> _Problem to solve_
In the records, each line holding "that" must be reported.

> _Listed records_

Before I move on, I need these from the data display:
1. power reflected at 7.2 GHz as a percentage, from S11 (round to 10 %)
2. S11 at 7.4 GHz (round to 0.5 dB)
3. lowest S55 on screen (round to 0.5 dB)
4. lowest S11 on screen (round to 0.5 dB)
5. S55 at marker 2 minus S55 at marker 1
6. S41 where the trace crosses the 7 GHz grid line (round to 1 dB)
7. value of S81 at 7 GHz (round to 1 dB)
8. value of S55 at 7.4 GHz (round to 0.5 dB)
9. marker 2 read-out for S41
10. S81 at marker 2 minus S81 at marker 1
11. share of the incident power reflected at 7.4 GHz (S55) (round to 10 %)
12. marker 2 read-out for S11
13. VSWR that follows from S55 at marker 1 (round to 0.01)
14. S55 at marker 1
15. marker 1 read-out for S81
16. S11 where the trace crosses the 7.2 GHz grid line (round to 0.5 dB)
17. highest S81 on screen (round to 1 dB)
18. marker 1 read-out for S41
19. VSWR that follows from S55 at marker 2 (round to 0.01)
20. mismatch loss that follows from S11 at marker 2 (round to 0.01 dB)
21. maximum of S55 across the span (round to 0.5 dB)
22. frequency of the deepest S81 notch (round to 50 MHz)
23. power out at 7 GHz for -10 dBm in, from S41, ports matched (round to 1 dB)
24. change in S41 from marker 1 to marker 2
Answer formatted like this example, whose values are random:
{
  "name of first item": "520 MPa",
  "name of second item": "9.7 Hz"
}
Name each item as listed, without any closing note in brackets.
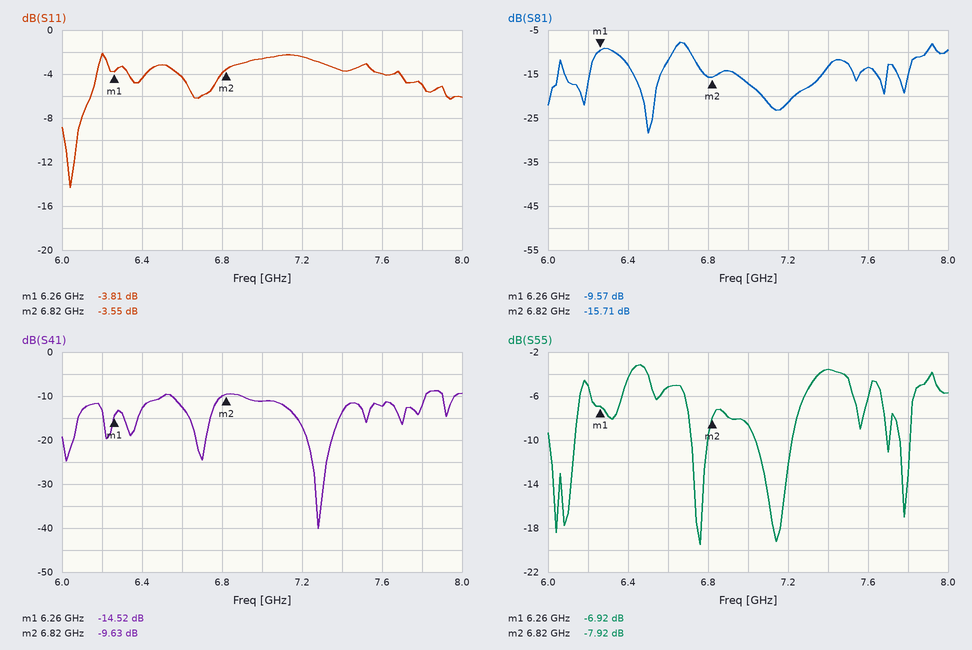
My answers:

> _Task result_
13. VSWR that follows from S55 at marker 1 (round to 0.01)
19. VSWR that follows from S55 at marker 2 (round to 0.01)
20. mismatch loss that follows from S11 at marker 2 (round to 0.01 dB)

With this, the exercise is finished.